The current balance in the Texas Unemployment Trust Fund is approximately $1.27 billion, according to Gamez.

"Based on the level unemployment benefit payments for the past week, we anticipate Title XII advances could be necessary near the end of May. However, it is important to note that required unemployment benefit payments will occur without interruption or delay regardless of when Title XII advances are needed," Gamez said.  "Historically, the payroll taxes have generally been low, especially in terms of unemployment insurance, compared to historical averages. That’s part of the reason why we run into the solvency issue.”

In a press release, Gov. Abbott’s team said the loans "would be interest-free through the end of the current calendar year. In the past, TWC has taken such loans then issued bonds to pay them off."

If TWC doesn’t pay off the loan by Dec. 31, 2020, the interest would be charged.

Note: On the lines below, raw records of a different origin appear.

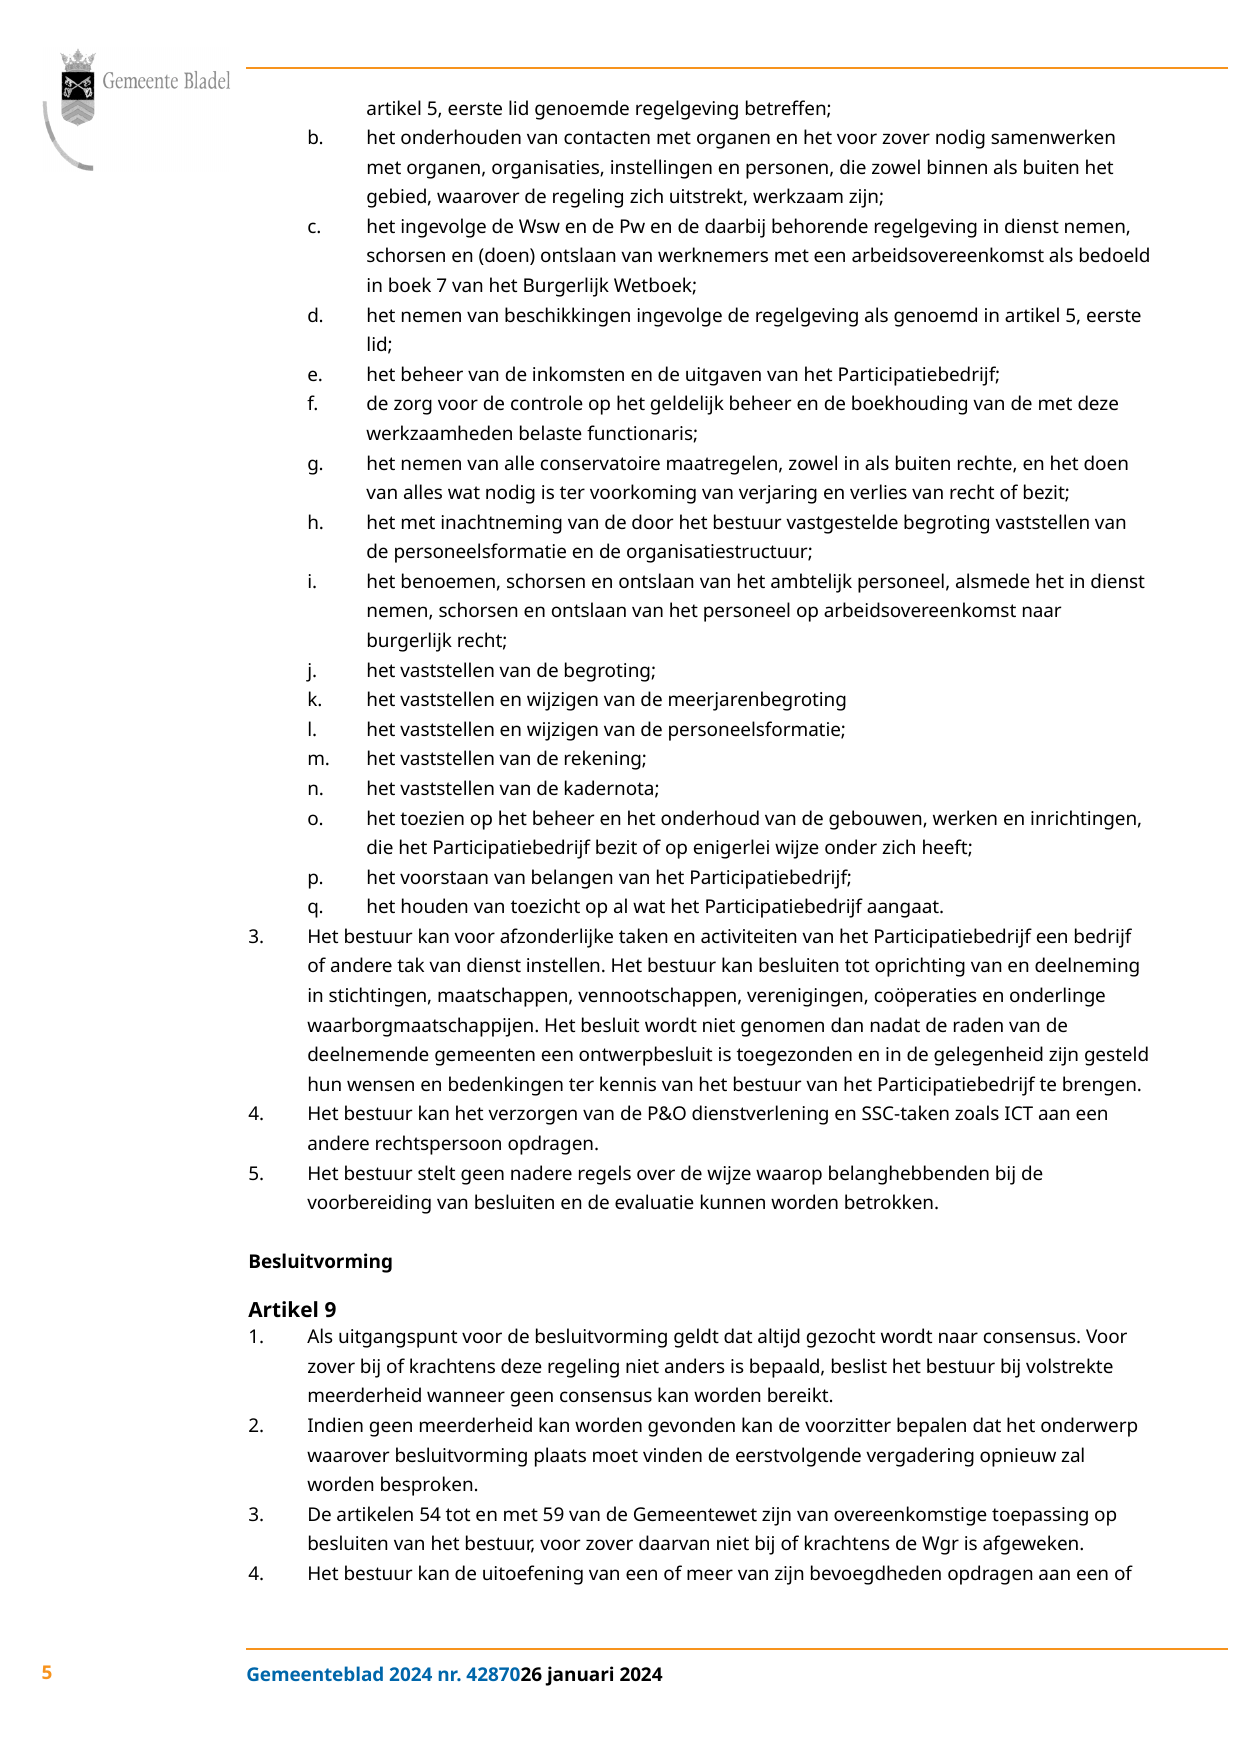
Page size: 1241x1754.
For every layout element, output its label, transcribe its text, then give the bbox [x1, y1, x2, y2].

picture [41, 47, 231, 172]
list de zorg voor de controle op het geldelijk beheer en de boekhouding van de met deze werkzaamheden belaste functionaris; [307, 391, 1152, 446]
list het voorstaan van belangen van het Participatiebedrijf; [307, 864, 1152, 890]
list Het bestuur kan het verzorgen van de P&O dienstverlening en SSC-taken zoals ICT aan een andere rechtspersoon opdragen. [248, 1101, 1152, 1156]
list het nemen van alle conservatoire maatregelen, zowel in als buiten rechte, en het doen van alles wat nodig is ter voorkoming van verjaring en verlies van recht of bezit; [307, 450, 1152, 505]
list het vaststellen en wijzigen van de personeelsformatie; [307, 716, 1152, 742]
list Als uitgangspunt voor de besluitvorming geldt dat altijd gezocht wordt naar consensus. Voor zover bij of krachtens deze regeling niet anders is bepaald, beslist het bestuur bij volstrekte meerderheid wanneer geen consensus kan worden bereikt. [248, 1323, 1152, 1408]
list Het bestuur kan voor afzonderlijke taken en activiteiten van het Participatiebedrijf een bedrijf of andere tak van dienst instellen. Het bestuur kan besluiten tot oprichting van en deelneming in stichtingen, maatschappen, vennootschappen, verenigingen, coöperaties en onderlinge waarborgmaatschappijen. Het besluit wordt niet genomen dan nadat de raden van de deelnemende gemeenten een ontwerpbesluit is toegezonden en in de gelegenheid zijn gesteld hun wensen en bedenkingen ter kennis van het bestuur van het Participatiebedrijf te brengen. [248, 923, 1152, 1097]
list het vaststellen van de rekening; [307, 746, 1152, 771]
list het beheer van de inkomsten en de uitgaven van het Participatiebedrijf; [307, 361, 1152, 387]
text Besluitvorming [248, 1248, 1152, 1274]
list het nemen van beschikkingen ingevolge de regelgeving als genoemd in artikel 5, eerste lid; [307, 302, 1152, 357]
list het met inachtneming van de door het bestuur vastgestelde begroting vaststellen van de personeelsformatie en de organisatiestructuur; [307, 509, 1152, 564]
list het toezien op het beheer en het onderhoud van de gebouwen, werken en inrichtingen, die het Participatiebedrijf bezit of op enigerlei wijze onder zich heeft; [307, 805, 1152, 860]
list artikel 5, eerste lid genoemde regelgeving betreffen; [307, 95, 1152, 121]
list Indien geen meerderheid kan worden gevonden kan de voorzitter bepalen dat het onderwerp waarover besluitvorming plaats moet vinden de eerstvolgende vergadering opnieuw zal worden besproken. [248, 1412, 1152, 1497]
list De artikelen 54 tot en met 59 van de Gemeentewet zijn van overeenkomstige toepassing op besluiten van het bestuur, voor zover daarvan niet bij of krachtens de Wgr is afgeweken. [248, 1501, 1152, 1556]
list Het bestuur stelt geen nadere regels over de wijze waarop belanghebbenden bij de voorbereiding van besluiten en de evaluatie kunnen worden betrokken. [248, 1160, 1152, 1215]
text Artikel 9 [248, 1295, 1152, 1323]
list het vaststellen van de kadernota; [307, 775, 1152, 801]
list het vaststellen en wijzigen van de meerjarenbegroting [307, 686, 1152, 712]
list het benoemen, schorsen en ontslaan van het ambtelijk personeel, alsmede het in dienst nemen, schorsen en ontslaan van het personeel op arbeidsovereenkomst naar burgerlijk recht; [307, 568, 1152, 653]
list het ingevolge de Wsw en de Pw en de daarbij behorende regelgeving in dienst nemen, schorsen en (doen) ontslaan van werknemers met een arbeidsovereenkomst als bedoeld in boek 7 van het Burgerlijk Wetboek; [307, 213, 1152, 298]
list het onderhouden van contacten met organen en het voor zover nodig samenwerken met organen, organisaties, instellingen en personen, die zowel binnen als buiten het gebied, waarover de regeling zich uitstrekt, werkzaam zijn; [307, 124, 1152, 209]
list Het bestuur kan de uitoefening van een of meer van zijn bevoegdheden opdragen aan een of [248, 1560, 1152, 1586]
list het houden van toezicht op al wat het Participatiebedrijf aangaat. [307, 893, 1152, 919]
list het vaststellen van de begroting; [307, 657, 1152, 683]

Dr. Robertson said it can still be cheaper than using a bond.

“High times states don't want to [get a bond] because the rates would be higher and that affects your bond rating as well. It's more difficult to borrow money in the future. This is why saving for a rainy day is really good policy,” Dr. Robertson said.

We asked how much money was requested in the Title XII advance request, but both the Texas Workforce Commission and the Department of Labor did not have that information at the time this story was published.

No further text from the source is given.